Recently most PBMPs have declined to pay for any medication compounded from bulk powders. Why? Because of the cost. I have seen data from a regional PBMP that covered eleven patients receiving compounded hormones from local independent pharmacies. The cost was twenty nine thousand dollars monthly for just eleven patients. The average charge per patient was almost three thousand dollars. These patients also had to pay a co-pay for the creams. The out-of-pocket expense for the compounded creams was less than twenty dollars per prescription. Since the PBMPs discontinued reimbursement, the cost has dropped dramatically to about sixty to one hundred dollars per month per prescription. A woman can receive USP bio-identical estradiol in tablet form for about four dollars per month. There are no head to head studies showing superiority of creams to tablets as far as efficacy and safety. Bottom line, the high cost of creams to the patients are related to the pharmacists themselves and their insatiable thirst for the almighty dollar.

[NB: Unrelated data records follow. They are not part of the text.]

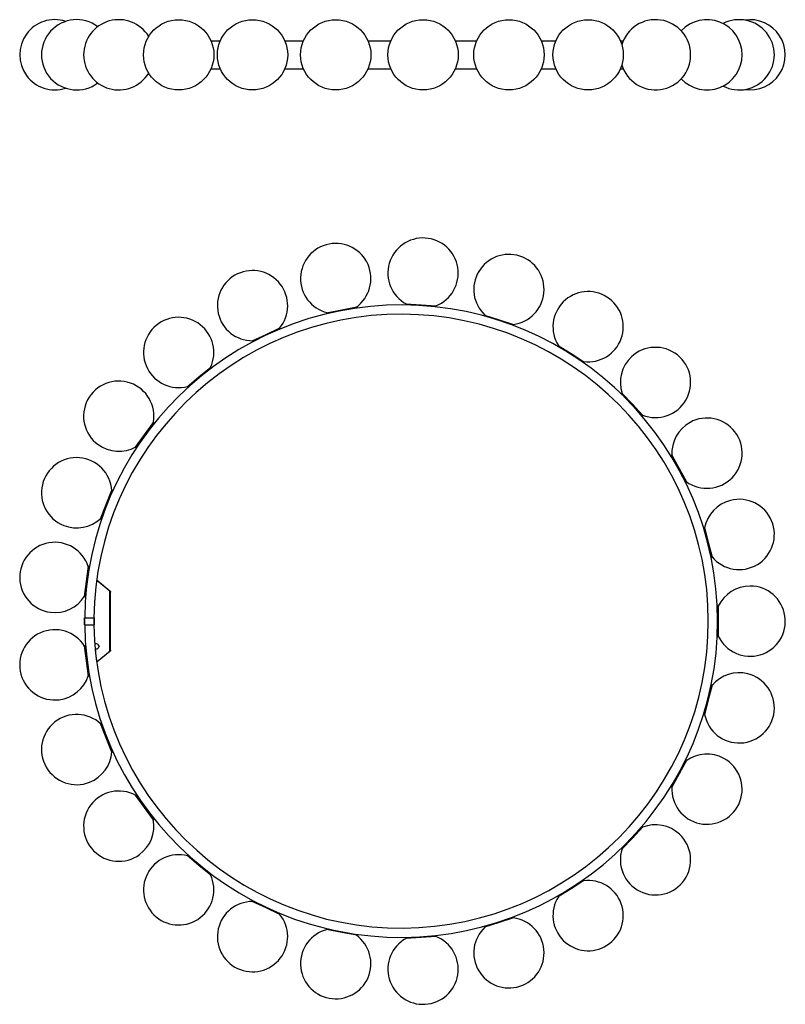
# Model space of a CAD drawing. Header units: millimetres. Extents: x 784 to 1872, y 1006 to 2408.
import ezdxf

# ---------------------------------------------------------------- set-up
doc = ezdxf.new("R2010")
doc.units = ezdxf.units.MM
doc.header["$LTSCALE"] = 10

msp = doc.modelspace()

# ---------------------------------------------------------------- linework, layer by layer
at = {"color": 7, "linetype": 'Continuous', "lineweight": 25}
for p, q in [((1055.7, 2377.7), (1069.1, 2377.7)), ((1160.7, 2377.7), (1187.4, 2377.7)), ((1279, 2377.7), (1311.5, 2377.7)), ((1403.2, 2377.7), (1433.7, 2377.7)), ((1525.4, 2377.7), (1546.3, 2377.7)), ((1637.9, 2377.7), (1642.1, 2377.7)), ((1055.7, 2337.7), (1069.1, 2337.7)), ((1160.7, 2337.7), (1187.4, 2337.7)), ((1279, 2337.7), (1311.5, 2337.7)), ((1403.2, 2337.7), (1433.7, 2337.7)), ((1525.4, 2337.7), (1546.3, 2337.7)), ((1637.9, 2337.7), (1642.1, 2337.7)), ((1220.3, 1990.7), (1241.7, 1994.7)), ((1220.3, 1990.7), (1220.5, 1989.7)), ((1263.2, 1997.8), (1220.5, 1989.7)), ((1228.5, 1991.2), (1228.6, 1991)), ((1241.7, 1994.7), (1263, 1998.8)), ((1255.2, 1996.1), (1255.2, 1996.3)), ((1263.2, 1997.8), (1263, 1998.8)), ((1332.8, 2003.2), (1332.7, 2002.2)), ((1376.2, 1999.5), (1332.7, 2002.2)), ((1332.8, 2003.2), (1354.5, 2001.8)), ((1340.9, 2001.7), (1340.9, 2001.5)), ((1354.5, 2001.8), (1376.2, 2000.5)), ((1368, 1999.8), (1368, 2000)), ((1376.2, 1999.5), (1376.2, 2000.5)), ((1444.9, 1987.4), (1444.6, 1986.4)), ((1485.9, 1973), (1444.6, 1986.4)), ((1444.9, 1987.4), (1465.6, 1980.6)), ((1452.3, 1983.9), (1452.3, 1983.7)), ((1465.6, 1980.6), (1486.2, 1973.9)), ((1154.3, 1968.2), (1114.9, 1949.6)), ((1134.2, 1959.8), (1153.8, 1969.1)), ((1146.9, 1964.5), (1146.9, 1964.7)), ((1154.3, 1968.2), (1153.8, 1969.1)), ((1478.1, 1975.3), (1478.1, 1975.5)), ((1485.9, 1973), (1486.2, 1973.9)), ((1114.5, 1950.5), (1134.2, 1959.8)), ((1114.5, 1950.5), (1114.9, 1949.6)), ((1122.3, 1953.1), (1122.4, 1952.9)), ((1549.5, 1944.2), (1548.9, 1943.3)), ((1585.7, 1920), (1548.9, 1943.3)), ((1549.5, 1944.2), (1567.8, 1932.5)), ((1555.9, 1938.9), (1555.8, 1938.8)), ((1567.8, 1932.5), (1586.2, 1920.9)), ((1578.6, 1924.2), (1578.8, 1924.4)), ((1585.7, 1920), (1586.2, 1920.9)), ((1056.1, 1912.3), (1022.6, 1884.6)), ((1038.7, 1899.2), (1055.5, 1913.1)), ((1049.9, 1906.9), (1049.8, 1907.1)), ((1056.1, 1912.3), (1055.5, 1913.1)), ((1022, 1885.4), (1038.7, 1899.2)), ((1022, 1885.4), (1022.6, 1884.6)), ((1028.9, 1889.8), (1029, 1889.7)), ((1640.1, 1876.3), (1639.3, 1875.6)), ((1669.1, 1843.9), (1639.3, 1875.6)), ((1640.1, 1876.3), (1655, 1860.5)), ((1644.9, 1869.7), (1644.8, 1869.5)), ((1655, 1860.5), (1669.8, 1844.6)), ((1663.4, 1849.7), (1663.5, 1849.9)), ((1669.1, 1843.9), (1669.8, 1844.6)), ((974.9, 1833.8), (949.3, 1798.6)), ((961.3, 1816.8), (974.1, 1834.4)), ((970.3, 1827.1), (970.1, 1827.2)), ((974.9, 1833.8), (974.1, 1834.4)), ((948.5, 1799.2), (961.3, 1816.8)), ((948.5, 1799.2), (949.3, 1798.6)), ((954.2, 1805.2), (954.3, 1805.1)), ((1710.9, 1788.1), (1710.1, 1787.6)), ((1731, 1749.4), (1710.1, 1787.6)), ((1710.9, 1788.1), (1721.4, 1769)), ((1714, 1780.4), (1713.8, 1780.3)), ((1721.4, 1769), (1731.9, 1749.9)), ((1726.9, 1756.5), (1727.1, 1756.6)), ((915.8, 1737.6), (899.8, 1697.2)), ((906.9, 1717.7), (914.9, 1738)), ((915.8, 1737.6), (914.9, 1738)), ((1731, 1749.4), (1731.9, 1749.9)), ((913, 1729.9), (912.8, 1730)), ((898.9, 1697.5), (906.9, 1717.7)), ((898.9, 1697.5), (899.8, 1697.2)), ((902.8, 1704.8), (903, 1704.7)), ((1757.6, 1684.9), (1756.6, 1684.7)), ((1767.5, 1642.6), (1756.6, 1684.7)), ((1757.6, 1684.9), (1763, 1663.9)), ((1758.7, 1676.8), (1758.5, 1676.7)), ((1763, 1663.9), (1768.4, 1642.8)), ((1765.2, 1650.5), (1765.4, 1650.5)), ((1767.5, 1642.6), (1768.4, 1642.8)), ((882.5, 1629.7), (877, 1586.5)), ((878.7, 1608.2), (881.5, 1629.8)), ((882.5, 1629.7), (881.5, 1629.8)), ((881.6, 1621.5), (881.4, 1621.6)), ((876, 1586.7), (878.7, 1608.2)), ((894.2, 1609.3), (893.2, 1609.3)), ((893.6, 1609.3), (894.1, 1609.9)), ((894.1, 1609.9), (912.5, 1594.4)), ((911.8, 1594.4), (894.2, 1609.3)), ((876, 1586.7), (877, 1586.5)), ((878, 1594.7), (878.2, 1594.7)), ((911.8, 1509), (911.8, 1594.4)), ((912.3, 1594.1), (912.5, 1594.4)), ((912.9, 1593.9), (912.6, 1594.3)), ((912.8, 1593.8), (912.9, 1593.5)), ((913.1, 1510.2), (913.1, 1593.2)), ((1777.2, 1573.5), (1776.2, 1573.5)), ((1776.2, 1530), (1776.2, 1573.5)), ((1777.2, 1573.5), (1777.2, 1551.7)), ((875.9, 1546.3), (875.9, 1556.3)), ((875.9, 1556.3), (876.4, 1556.3)), ((876.4, 1546.3), (876.4, 1556.3)), ((876.4, 1556.3), (889.6, 1556.3)), ((889.6, 1546.3), (889.6, 1556.3)), ((889.6, 1556.3), (890.1, 1556.3)), ((890.1, 1546.3), (890.1, 1556.3)), ((1776.2, 1565.3), (1776, 1565.3)), ((875.9, 1546.3), (876.4, 1546.3)), ((876.4, 1546.3), (889.6, 1546.3)), ((889.6, 1546.3), (890.1, 1546.3)), ((1777.2, 1551.7), (1777.2, 1530)), ((1776, 1538.2), (1776.2, 1538.2)), ((1776.2, 1530), (1777.2, 1530)), ((877, 1516.9), (876, 1516.8)), ((878.7, 1495.2), (876, 1516.8)), ((877, 1516.9), (882.5, 1473.7)), ((891, 1519.4), (891, 1519.4)), ((893, 1519.2), (891.6, 1519.2)), ((897.1, 1515.9), (896.5, 1516.1)), ((896.5, 1515.3), (897.1, 1515.5)), ((878.2, 1508.8), (878, 1508.8)), ((892.3, 1512.2), (893, 1512.2)), ((912.5, 1509), (894.1, 1493.6)), ((894.2, 1494.1), (911.8, 1509)), ((912.3, 1509.3), (912.5, 1509)), ((912.6, 1509.1), (912.9, 1509.6)), ((912.9, 1510), (912.8, 1509.6)), ((881.5, 1473.6), (878.7, 1495.2)), ((893.2, 1494.1), (894.2, 1494.1)), ((893.6, 1494.1), (894.1, 1493.6)), ((881.4, 1481.9), (881.6, 1481.9)), ((881.5, 1473.6), (882.5, 1473.7)), ((1756.6, 1418.7), (1767.5, 1460.9)), ((1768.4, 1460.6), (1763, 1439.6)), ((1768.4, 1460.6), (1767.5, 1460.9)), ((1765.4, 1452.9), (1765.2, 1453)), ((1763, 1439.6), (1757.6, 1418.5)), ((1756.6, 1418.7), (1757.6, 1418.5)), ((1758.5, 1426.7), (1758.7, 1426.7)), ((899.8, 1406.3), (898.9, 1405.9)), ((906.9, 1385.7), (898.9, 1405.9)), ((899.8, 1406.3), (915.8, 1365.8)), ((903, 1398.7), (902.8, 1398.7)), ((914.9, 1365.5), (906.9, 1385.7)), ((912.8, 1373.5), (913, 1373.5)), ((914.9, 1365.5), (915.8, 1365.8)), ((1710.1, 1315.9), (1731, 1354)), ((1731.9, 1353.5), (1721.4, 1334.4)), ((1727.1, 1346.8), (1726.9, 1346.9)), ((1731.9, 1353.5), (1731, 1354)), ((1721.4, 1334.4), (1710.9, 1315.4)), ((1713.8, 1323.2), (1714, 1323)), ((949.3, 1304.8), (948.5, 1304.2)), ((961.3, 1286.6), (948.5, 1304.2)), ((949.3, 1304.8), (974.9, 1269.6)), ((1710.1, 1315.9), (1710.9, 1315.4)), ((954.3, 1298.3), (954.2, 1298.2)), ((974.1, 1269), (961.3, 1286.6)), ((970.1, 1276.2), (970.3, 1276.4)), ((974.1, 1269), (974.9, 1269.6)), ((1639.3, 1227.8), (1669.1, 1259.5)), ((1669.8, 1258.8), (1655, 1243)), ((1663.5, 1253.6), (1663.4, 1253.7)), ((1669.8, 1258.8), (1669.1, 1259.5)), ((1655, 1243), (1640.1, 1227.1)), ((1644.8, 1233.9), (1644.9, 1233.8)), ((1639.3, 1227.8), (1640.1, 1227.1)), ((1022.6, 1218.9), (1022, 1218.1)), ((1038.7, 1204.2), (1022, 1218.1)), ((1022.6, 1218.9), (1056.1, 1191.1)), ((1029, 1213.8), (1028.9, 1213.6)), ((1055.5, 1190.4), (1038.7, 1204.2)), ((1049.8, 1196.3), (1049.9, 1196.5)), ((1055.5, 1190.4), (1056.1, 1191.1)), ((1548.9, 1160.1), (1585.7, 1183.4)), ((1586.2, 1182.6), (1567.8, 1170.9)), ((1578.8, 1179), (1578.6, 1179.2)), ((1586.2, 1182.6), (1585.7, 1183.4)), ((1567.8, 1170.9), (1549.5, 1159.3)), ((1555.8, 1164.7), (1555.9, 1164.5)), ((1114.9, 1153.8), (1114.5, 1152.9)), ((1134.2, 1143.6), (1114.5, 1152.9)), ((1114.9, 1153.8), (1154.3, 1135.3)), ((1122.4, 1150.5), (1122.3, 1150.3)), ((1548.9, 1160.1), (1549.5, 1159.3)), ((1153.8, 1134.4), (1134.2, 1143.6)), ((1146.9, 1138.8), (1146.9, 1139)), ((1153.8, 1134.4), (1154.3, 1135.3)), ((1444.6, 1117), (1485.9, 1130.5)), ((1465.6, 1122.8), (1444.9, 1116.1)), ((1486.2, 1129.5), (1465.6, 1122.8)), ((1478.1, 1127.9), (1478.1, 1128.1)), ((1486.2, 1129.5), (1485.9, 1130.5)), ((1220.5, 1113.8), (1220.3, 1112.8)), ((1241.7, 1108.7), (1220.3, 1112.8)), ((1220.5, 1113.8), (1263.2, 1105.6)), ((1228.6, 1112.4), (1228.5, 1112.2)), ((1263, 1104.6), (1241.7, 1108.7)), ((1255.2, 1107.1), (1255.2, 1107.4)), ((1444.6, 1117), (1444.9, 1116.1)), ((1452.3, 1119.8), (1452.3, 1119.6)), ((1263, 1104.6), (1263.2, 1105.6)), ((1332.7, 1101.2), (1376.2, 1104)), ((1332.7, 1101.2), (1332.8, 1100.2)), ((1354.5, 1101.6), (1332.8, 1100.2)), ((1340.9, 1102), (1340.9, 1101.8)), ((1376.2, 1103), (1354.5, 1101.6)), ((1368, 1103.5), (1368, 1103.7)), ((1376.2, 1103), (1376.2, 1104))]:
    msp.add_line(p, q, dxfattribs=at)
for centre in [(1009.9, 2357.7), (1114.9, 2357.7), (1233.2, 2357.7), (1357.4, 2357.7), (1479.5, 2357.7), (1592.1, 2357.7)]:
    msp.add_circle(centre, 50, dxfattribs=at)
for centre, radius, start, end in [((833.8, 2357.7), 50, 71.9794, 288.0206), ((864.8, 2357.7), 50, 53.1816, 306.8184), ((924.7, 2357.7), 50, 31.6197, 180), ((1687.9, 2357.7), 50, 196.5674, 163.4326), ((1761.1, 2357.7), 50, 223.0146, 136.9854), ((1806.9, 2357.7), 50, 242.7463, 117.2537), ((1822.5, 2357.7), 50, 261.0305, 98.9695), ((924.7, 2357.7), 50, 180, 328.3803), ((1233.2, 2039.2), 50, 305.9507, 255.6493), ((1357.4, 2047), 50, 291.5507, 241.2493), ((1479.5, 2023.7), 50, 277.1507, 226.8493), ((1114.9, 2000.7), 50, 320.3507, 270.0493), ((1592.1, 1970.7), 50, 262.7507, 212.4493), ((1326.2, 1551.7), 450, 180.6866, 179.4134), ((1326.2, 1551.7), 436.8, 180.7059, 179.3941), ((1009.9, 1934.1), 50, 334.7507, 284.4493), ((1687.9, 1891.4), 50, 248.3507, 133.2), ((1687.9, 1891.4), 50, 133.2, 198.0493), ((924.7, 1843.4), 50, 349.1507, 234), ((1761.1, 1790.8), 50, 233.9507, 118.8), ((1761.1, 1790.8), 50, 118.8, 183.6493), ((924.7, 1843.4), 50, 234, 298.8493), ((864.8, 1734.4), 50, 3.5507, 248.4), ((1806.9, 1675.1), 50, 104.4, 169.2493), ((1806.9, 1675.1), 50, 219.5507, 104.4), ((864.8, 1734.4), 50, 248.4, 313.2493), ((833.8, 1613.9), 50, 17.9507, 262.8), ((1822.5, 1551.7), 50, 205.1507, 90), ((1822.5, 1551.7), 50, 90, 154.8493), ((833.8, 1613.9), 50, 262.8, 327.6493), ((911.6, 1593.2), 1.5, 45.388, 50), ((833.8, 1489.5), 50, 32.3507, 277.2), ((891.6, 1520.2), 1, 184.1128, 270), ((893, 1515.7), 3.5, 6.5624, 90), ((893, 1515.7), 3.5, 270, 353.4376), ((897, 1515.7), 0.2, 290.459, 69.541), ((892.3, 1511.2), 1, 90, 185.2908), ((1329.6, 1551.7), 440.2, 185.2908, 187.5173), ((911.6, 1510.2), 1.5, 310, 314.612), ((833.8, 1489.5), 50, 277.2, 342.0493), ((1806.9, 1428.3), 50, 190.7507, 75.6), ((1806.9, 1428.3), 50, 75.6, 140.4493), ((864.8, 1369), 50, 46.7507, 291.6), ((864.8, 1369), 50, 291.6, 356.4493), ((1761.1, 1312.6), 50, 61.2, 126.0493), ((1761.1, 1312.6), 50, 176.3507, 61.2), ((924.7, 1260), 50, 61.1507, 306), ((924.7, 1260), 50, 306, 10.8493), ((1687.9, 1212), 50, 46.8, 111.6493), ((1687.9, 1212), 50, 161.9507, 46.8), ((1009.9, 1169.3), 50, 75.5507, 25.2493), ((1592.1, 1132.7), 50, 147.5507, 97.2493), ((1114.9, 1102.7), 50, 89.9507, 39.6493), ((1479.5, 1079.7), 50, 133.1507, 82.8493), ((1233.2, 1064.3), 50, 104.3507, 54.0493), ((1357.4, 1056.4), 50, 118.7507, 68.4493)]:
    msp.add_arc(centre, radius, start, end, dxfattribs=at)
for points, knots in [([(911.8, 1594.4), (911.9, 1594.4), (912.1, 1594.3), (912.4, 1594.1), (912.6, 1594), (912.7, 1593.9), (912.8, 1593.8)], [0, 0, 0, 0, 0.25, 0.5, 0.75, 1, 1, 1, 1]), ([(913.1, 1593.2), (913.1, 1593.3), (913.1, 1593.3), (913.1, 1593.4), (913, 1593.6), (913, 1593.7), (913, 1593.8), (912.9, 1593.9)], [0, 0, 0, 0, 0.119713, 0.272855, 0.52363, 0.758913, 1, 1, 1, 1]), ([(912.9, 1593.5), (912.9, 1593.5), (912.9, 1593.4), (912.9, 1593.4), (912.9, 1593.4), (913, 1593.4), (913, 1593.3), (913, 1593.3), (913.1, 1593.3), (913.1, 1593.2)], [0, 0, 0, 0, 0.0549075, 0.1074909, 0.1375502, 0.170044, 0.2495896, 0.5029195, 1, 1, 1, 1]), ([(912.8, 1509.6), (912.7, 1509.6), (912.6, 1509.5), (912.4, 1509.3), (912.1, 1509.2), (911.9, 1509.1), (911.8, 1509)], [0, 0, 0, 0, 0.25, 0.5, 0.75, 1, 1, 1, 1]), ([(913.1, 1510.2), (913.1, 1510.2), (913, 1510.2), (913, 1510.1), (913, 1510.1), (912.9, 1510.1), (912.9, 1510), (912.9, 1510), (912.9, 1510), (912.9, 1510)], [0, 0, 0, 0, 0.497081, 0.750411, 0.829957, 0.86245, 0.89251, 0.945093, 1, 1, 1, 1]), ([(912.9, 1509.6), (913, 1509.6), (913, 1509.7), (913, 1509.9), (913.1, 1510), (913.1, 1510.1), (913.1, 1510.2), (913.1, 1510.2), (913.1, 1510.2)], [0, 0, 0, 0, 0.2552022, 0.4323616, 0.7023188, 0.8477528, 0.9721051, 1, 1, 1, 1])]:
    msp.add_open_spline(points, degree=3, knots=knots, dxfattribs=at)

doc.saveas('drawing.dxf')

Tablets, capsules, creams, and patches are all important delivery systems related to the pharmaceutical treatment of disease. Patches are relatively new in the drug industry when compared to tablets, capsules and creams. I prescribe all of them at some point every day. I try to find the most cost effective delivery system to get the best possible result. In my opinion, that's what a physician should do when faced with treating disease since the patient may need to stay on a medication for life.

In the early days of American medicine, snake-oil vendors were on every corner. They each had a specially formulated tonic that could cure any illness. From what I see unfolding, snake-oil vendors are still around.

What's changed is how they do what they do and to whom they make their sales pitch; they tell doctors and patients that their specially formulated creams are better than those that are producing in their pharmacies. When the truth is none of them are better than the others. They're all made the same way.

But some are unnecessarily much more expensive.